The girl is standing in the trees. She has approached silently, sneaking up behind me. When she steps from behind the trunk of the ash, I no longer see the modern running shorts and bra top, nor earbuds, but an odd black dress, a braid, the glint of silver eyeglasses, all in a blur because she scares me and I run. It’s the only reasonable thing to do, considering there is a strange woman approaching me. I run as fast as I can back toward the house. The girls will save me. The girls will shelter me.

“You there. You. Girl. Stop! What are you doing? That woman needs help. What have you done? My God, is she…?”

She stops her pursuit to stare into the lake. It’s a trick, my mind says. Keep running. But I look back once, in time to see her face clearly in the reflection of the lake light. Her face changes, brows coming together as if she’s just had a thought. It is shaded in blue.

And then she smiles. And I feel the wind begin to stir beneath her hands.

Shit. Oh, this is not good. Not good at all.

I am fast but she runs me down easily, her feet pounding on the hard earth behind me, closer and closer, until I am down in the dirt on my knees, and she rolls on top of me, breathing heavily.

“Stop fighting. This is your destiny. You have to come with me. Mother wants you.”

On the ridge, I see her, standing, arms up, as if she is beckoning me home.

“Catwood,” I whisper.

Charlise smiles benevolently, and her words float down from the hill. “You are chosen.

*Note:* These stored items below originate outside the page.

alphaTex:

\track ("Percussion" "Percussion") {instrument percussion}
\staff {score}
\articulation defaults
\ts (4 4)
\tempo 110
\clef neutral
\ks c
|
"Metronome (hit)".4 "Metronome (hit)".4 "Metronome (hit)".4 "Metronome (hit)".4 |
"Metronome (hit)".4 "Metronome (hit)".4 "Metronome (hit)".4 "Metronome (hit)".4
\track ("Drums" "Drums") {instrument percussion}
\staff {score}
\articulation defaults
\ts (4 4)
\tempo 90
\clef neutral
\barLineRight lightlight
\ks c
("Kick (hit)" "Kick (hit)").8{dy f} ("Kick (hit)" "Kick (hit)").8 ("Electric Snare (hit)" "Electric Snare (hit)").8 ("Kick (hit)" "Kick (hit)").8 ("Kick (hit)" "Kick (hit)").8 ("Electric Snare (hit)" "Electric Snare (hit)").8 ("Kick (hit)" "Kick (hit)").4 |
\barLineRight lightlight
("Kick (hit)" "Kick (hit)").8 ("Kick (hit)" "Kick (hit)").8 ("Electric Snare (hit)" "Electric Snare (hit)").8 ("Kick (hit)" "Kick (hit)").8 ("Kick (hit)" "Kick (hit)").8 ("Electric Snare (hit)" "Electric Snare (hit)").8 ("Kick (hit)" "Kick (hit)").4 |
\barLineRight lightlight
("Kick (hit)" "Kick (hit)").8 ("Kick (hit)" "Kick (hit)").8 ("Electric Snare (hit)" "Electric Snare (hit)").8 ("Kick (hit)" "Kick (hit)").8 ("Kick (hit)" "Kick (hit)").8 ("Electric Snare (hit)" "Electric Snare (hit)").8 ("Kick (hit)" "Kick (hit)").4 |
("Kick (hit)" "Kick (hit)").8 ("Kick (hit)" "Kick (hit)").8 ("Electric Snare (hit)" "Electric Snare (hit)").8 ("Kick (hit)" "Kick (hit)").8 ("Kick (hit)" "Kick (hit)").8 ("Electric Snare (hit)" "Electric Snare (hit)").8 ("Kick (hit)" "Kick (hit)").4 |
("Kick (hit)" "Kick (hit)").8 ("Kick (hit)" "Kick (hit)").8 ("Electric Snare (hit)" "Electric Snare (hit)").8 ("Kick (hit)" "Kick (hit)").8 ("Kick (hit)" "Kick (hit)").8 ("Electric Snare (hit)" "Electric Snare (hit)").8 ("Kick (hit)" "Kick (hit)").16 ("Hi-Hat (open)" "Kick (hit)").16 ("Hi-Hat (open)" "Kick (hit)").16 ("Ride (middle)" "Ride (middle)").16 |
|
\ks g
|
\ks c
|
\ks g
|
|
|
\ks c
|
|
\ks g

You are one of us.”

My face is in the water before I can draw a breath. The girl holds me there until I can see the small things crawling in the mud below, small silver fish come to explore my nose, my mouth, my eyes and ears. And then I am adrift. The fear and horror have fled. It is a beautiful place, green and gold and silver. I love looking at the microcosm. It is like the cave, but wet, and willowy.

When I am fully relaxed, the girl helps me from the water, and together, side by side, we march up the hill to protect the land below.

From a distance, I hear my friends, crying, calling, and one voice above the rest, Ellie, shrieking my name over and over, as if I am a lost dog.

I glance back over my shoulder as we walk away.

Ellie is pulling the body from the water.

My body.

Why did it have to be her who found me? She will never recover from this. She will always blame herself.

My friends gather on the muddy bank, crooning my name, speaking as one, a chant being taken up by the hillside and the crickets and the birds and the frogs, and the wind catches the tune and whistles along. It starts as one word, then becomes another, one more sibilant, more cunning, more familiar to the fallow fields.

“Rebecca Catwood, Rebecca Catwood, Rebecca Catwood.”